Our study revealed that WMHs are extensively distributed in R544C carriers WOCD. They exhibited a rapid increase in WMHs beginning at age 48, approximately 7 years earlier than the reported age at symptomatic onset. Age was the strongest predictive factor of WMHs, and VRF, particularly hypercholesterolemia, might be modifying factors of WMHs.
病理性变异导致伴有皮质下梗死和白质脑病的常染色体显性脑动脉病(CADASIL),其表现为中风和痴呆,并以脑 MRI 上的白质高信号(WMHs)为特征。R544C 变异在台湾是一种常见的病理性变异,但并非所有携带者都表现出明显的症状。我们研究了携带致病性变异的携带者是否在出现临床症状之前出现 WMHs,检查了与 WMHs 相关的因素,并探讨了它们与认知功能的关系。
我们从台湾精准医学计划数据集中招募了 63 名无明显临床疾病(WOCD)的 R544C 携带者和 37 名年龄和性别匹配的非携带者作为对照组。所有参与者都接受了临床访谈、全面的神经心理学评估和脑部 MRI。我们计算了总和区域 WMH 体积,确定了携带者中 WMHs 开始增加的年龄,并检查了 WMHs 与认知功能表现之间的关系。使用多变量线性回归模型分析与 WMH 体积相关的因素。

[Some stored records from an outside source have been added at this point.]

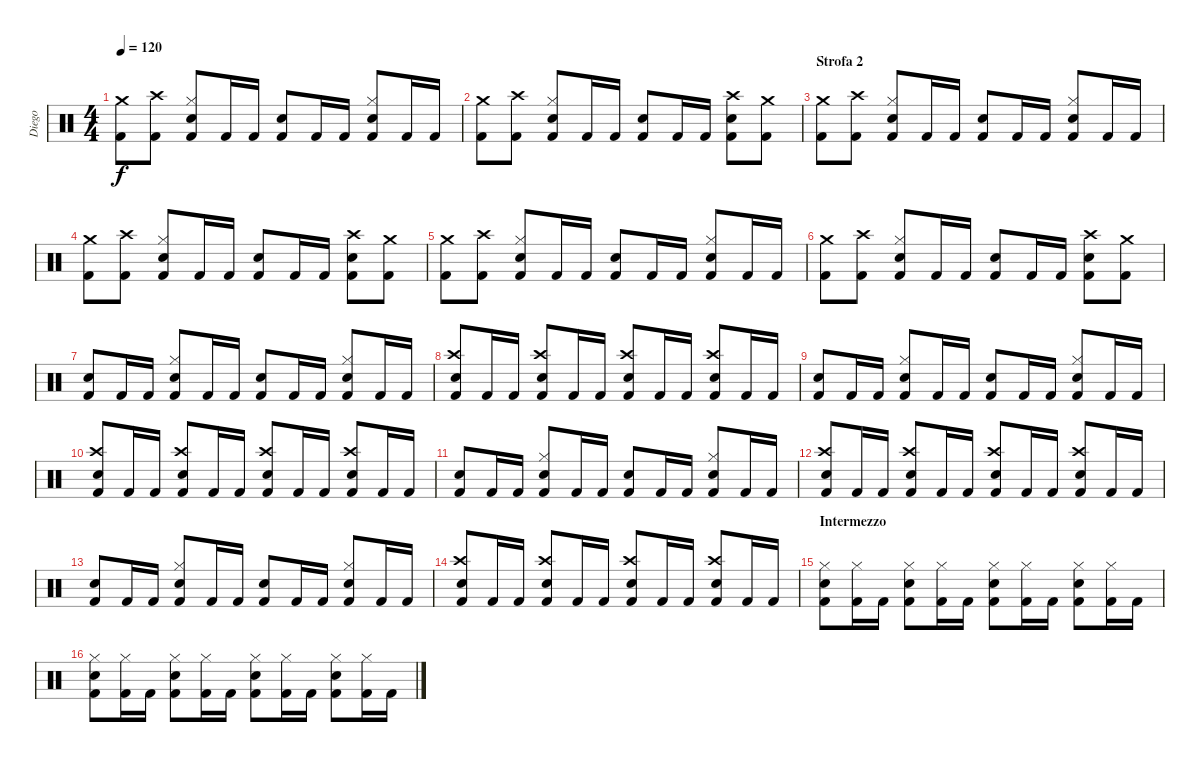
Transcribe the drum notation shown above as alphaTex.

\track ("Diego" "Diego") {instrument percussion}
\staff {score}
\articulation defaults
\ts (4 4)
\tempo 120
\clef neutral
\ks c
("Crash medium (hit)" "Kick (hit) 2").8{dy f} ("Crash high (hit)" "Kick (hit) 2").8 ("Hi-Hat (closed)" "Snare (hit) 2" "Kick (hit) 2").8 "Kick (hit) 2".16 "Kick (hit) 2".16 ("Snare (hit) 2" "Kick (hit) 2").8 "Kick (hit) 2".16 "Kick (hit) 2".16 ("Hi-Hat (closed)" "Snare (hit) 2" "Kick (hit) 2").8 "Kick (hit) 2".16 "Kick (hit) 2".16 |
("Crash medium (hit)" "Kick (hit) 2").8 ("Crash high (hit)" "Kick (hit) 2").8 ("Hi-Hat (closed)" "Snare (hit) 2" "Kick (hit) 2").8 "Kick (hit) 2".16 "Kick (hit) 2".16 ("Snare (hit) 2" "Kick (hit) 2").8 "Kick (hit) 2".16 "Kick (hit) 2".16 ("Crash high (hit)" "Snare (hit) 2" "Kick (hit) 2").8 ("Crash medium (hit)" "Kick (hit) 2").8 |
\section ("" "Strofa 2")
("Crash medium (hit)" "Kick (hit) 2").8 ("Crash high (hit)" "Kick (hit) 2").8 ("Hi-Hat (closed)" "Snare (hit) 2" "Kick (hit) 2").8 "Kick (hit) 2".16 "Kick (hit) 2".16 ("Snare (hit) 2" "Kick (hit) 2").8 "Kick (hit) 2".16 "Kick (hit) 2".16 ("Hi-Hat (closed)" "Snare (hit) 2" "Kick (hit) 2").8 "Kick (hit) 2".16 "Kick (hit) 2".16 |
("Crash medium (hit)" "Kick (hit) 2").8 ("Crash high (hit)" "Kick (hit) 2").8 ("Hi-Hat (closed)" "Snare (hit) 2" "Kick (hit) 2").8 "Kick (hit) 2".16 "Kick (hit) 2".16 ("Snare (hit) 2" "Kick (hit) 2").8 "Kick (hit) 2".16 "Kick (hit) 2".16 ("Crash high (hit)" "Snare (hit) 2" "Kick (hit) 2").8 ("Crash medium (hit)" "Kick (hit) 2").8 |
("Crash medium (hit)" "Kick (hit) 2").8 ("Crash high (hit)" "Kick (hit) 2").8 ("Hi-Hat (closed)" "Snare (hit) 2" "Kick (hit) 2").8 "Kick (hit) 2".16 "Kick (hit) 2".16 ("Snare (hit) 2" "Kick (hit) 2").8 "Kick (hit) 2".16 "Kick (hit) 2".16 ("Hi-Hat (closed)" "Snare (hit) 2" "Kick (hit) 2").8 "Kick (hit) 2".16 "Kick (hit) 2".16 |
("Crash medium (hit)" "Kick (hit) 2").8 ("Crash high (hit)" "Kick (hit) 2").8 ("Hi-Hat (closed)" "Snare (hit) 2" "Kick (hit) 2").8 "Kick (hit) 2".16 "Kick (hit) 2".16 ("Snare (hit) 2" "Kick (hit) 2").8 "Kick (hit) 2".16 "Kick (hit) 2".16 ("Crash high (hit)" "Snare (hit) 2" "Kick (hit) 2").8 ("Crash medium (hit)" "Kick (hit) 2").8 |
("Snare (hit) 2" "Kick (hit) 2").8 "Kick (hit) 2".16 "Kick (hit) 2".16 ("Hi-Hat (closed)" "Snare (hit) 2" "Kick (hit) 2").8 "Kick (hit) 2".16 "Kick (hit) 2".16 ("Snare (hit) 2" "Kick (hit) 2").8 "Kick (hit) 2".16 "Kick (hit) 2".16 ("Hi-Hat (closed)" "Snare (hit) 2" "Kick (hit) 2").8 "Kick (hit) 2".16 "Kick (hit) 2".16 |
("Crash high (hit)" "Snare (hit) 2" "Kick (hit) 2").8 "Kick (hit) 2".16 "Kick (hit) 2".16 ("Crash high (hit)" "Snare (hit) 2" "Kick (hit) 2").8 "Kick (hit) 2".16 "Kick (hit) 2".16 ("Crash high (hit)" "Snare (hit) 2" "Kick (hit) 2").8 "Kick (hit) 2".16 "Kick (hit) 2".16 ("Crash high (hit)" "Snare (hit) 2" "Kick (hit) 2").8 "Kick (hit) 2".16 "Kick (hit) 2".16 |
("Snare (hit) 2" "Kick (hit) 2").8 "Kick (hit) 2".16 "Kick (hit) 2".16 ("Hi-Hat (closed)" "Snare (hit) 2" "Kick (hit) 2").8 "Kick (hit) 2".16 "Kick (hit) 2".16 ("Snare (hit) 2" "Kick (hit) 2").8 "Kick (hit) 2".16 "Kick (hit) 2".16 ("Hi-Hat (closed)" "Snare (hit) 2" "Kick (hit) 2").8 "Kick (hit) 2".16 "Kick (hit) 2".16 |
("Crash high (hit)" "Snare (hit) 2" "Kick (hit) 2").8 "Kick (hit) 2".16 "Kick (hit) 2".16 ("Crash high (hit)" "Snare (hit) 2" "Kick (hit) 2").8 "Kick (hit) 2".16 "Kick (hit) 2".16 ("Crash high (hit)" "Snare (hit) 2" "Kick (hit) 2").8 "Kick (hit) 2".16 "Kick (hit) 2".16 ("Crash high (hit)" "Snare (hit) 2" "Kick (hit) 2").8 "Kick (hit) 2".16 "Kick (hit) 2".16 |
("Snare (hit) 2" "Kick (hit) 2").8 "Kick (hit) 2".16 "Kick (hit) 2".16 ("Hi-Hat (closed)" "Snare (hit) 2" "Kick (hit) 2").8 "Kick (hit) 2".16 "Kick (hit) 2".16 ("Snare (hit) 2" "Kick (hit) 2").8 "Kick (hit) 2".16 "Kick (hit) 2".16 ("Hi-Hat (closed)" "Snare (hit) 2" "Kick (hit) 2").8 "Kick (hit) 2".16 "Kick (hit) 2".16 |
("Crash high (hit)" "Snare (hit) 2" "Kick (hit) 2").8 "Kick (hit) 2".16 "Kick (hit) 2".16 ("Crash high (hit)" "Snare (hit) 2" "Kick (hit) 2").8 "Kick (hit) 2".16 "Kick (hit) 2".16 ("Crash high (hit)" "Snare (hit) 2" "Kick (hit) 2").8 "Kick (hit) 2".16 "Kick (hit) 2".16 ("Crash high (hit)" "Snare (hit) 2" "Kick (hit) 2").8 "Kick (hit) 2".16 "Kick (hit) 2".16 |
("Snare (hit) 2" "Kick (hit) 2").8 "Kick (hit) 2".16 "Kick (hit) 2".16 ("Hi-Hat (closed)" "Snare (hit) 2" "Kick (hit) 2").8 "Kick (hit) 2".16 "Kick (hit) 2".16 ("Snare (hit) 2" "Kick (hit) 2").8 "Kick (hit) 2".16 "Kick (hit) 2".16 ("Hi-Hat (closed)" "Snare (hit) 2" "Kick (hit) 2").8 "Kick (hit) 2".16 "Kick (hit) 2".16 |
("Crash high (hit)" "Snare (hit) 2" "Kick (hit) 2").8 "Kick (hit) 2".16 "Kick (hit) 2".16 ("Crash high (hit)" "Snare (hit) 2" "Kick (hit) 2").8 "Kick (hit) 2".16 "Kick (hit) 2".16 ("Crash high (hit)" "Snare (hit) 2" "Kick (hit) 2").8 "Kick (hit) 2".16 "Kick (hit) 2".16 ("Crash high (hit)" "Snare (hit) 2" "Kick (hit) 2").8 "Kick (hit) 2".16 "Kick (hit) 2".16 |
\section ("" "Intermezzo")
("Hi-Hat (closed)" "Snare (hit) 2" "Kick (hit) 2").8 ("Hi-Hat (closed)" "Kick (hit) 2").16 "Kick (hit) 2".16 ("Hi-Hat (closed)" "Snare (hit) 2" "Kick (hit) 2").8 ("Hi-Hat (closed)" "Kick (hit) 2").16 "Kick (hit) 2".16 ("Hi-Hat (closed)" "Snare (hit) 2" "Kick (hit) 2").8 ("Hi-Hat (closed)" "Kick (hit) 2").16 "Kick (hit) 2".16 ("Hi-Hat (closed)" "Snare (hit) 2" "Kick (hit) 2").8 ("Hi-Hat (closed)" "Kick (hit) 2").16 "Kick (hit) 2".16 |
("Hi-Hat (closed)" "Snare (hit) 2" "Kick (hit) 2").8 ("Hi-Hat (closed)" "Kick (hit) 2").16 "Kick (hit) 2".16 ("Hi-Hat (closed)" "Snare (hit) 2" "Kick (hit) 2").8 ("Hi-Hat (closed)" "Kick (hit) 2").16 "Kick (hit) 2".16 ("Hi-Hat (closed)" "Snare (hit) 2" "Kick (hit) 2").8 ("Hi-Hat (closed)" "Kick (hit) 2").16 "Kick (hit) 2".16 ("Hi-Hat (closed)" "Snare (hit) 2" "Kick (hit) 2").8 ("Hi-Hat (closed)" "Kick (hit) 2").16 "Kick (hit) 2".16

与对照组相比,R544C 携带者 WOCD 的 WMH 体积增加,除了枕叶和中脑区域,并且从 48 岁开始 WMHs 迅速增加。他们在 Mini-Mental State Examination(MMSE)(中位数=28.4 与 29.0,=0.048)和蒙特利尔认知评估(MoCA)(中位数=28.3 与 29.0,=0.013)中的得分低于对照组。与对照组相比,记忆和执行功能测试。在调整年龄、性别和教育程度后,MoCA 评分与全脑(r=-0.387,=0.008)和区域 WMHs(均<0.05)相关,除了中脑区域。年龄(β=0.034,95%CI 0.021-0.046,<0.001)、高胆固醇血症(β=0.375,95%CI 0.097-0.653,=0.009)和血管危险因素(VRF)指数(β=0.132,95%CI 0.032-0.242,=0.019)与携带者的 WMH 严重程度相关。
我们的研究表明,WMHs 在 R544C 携带者 WOCD 中广泛分布。他们在 48 岁左右开始出现 WMHs 的快速增加,比报告的症状出现年龄早约 7 年。年龄是 WMHs 的最强预测因素,VRF,特别是高胆固醇血症,可能是 WMHs 的修饰因素。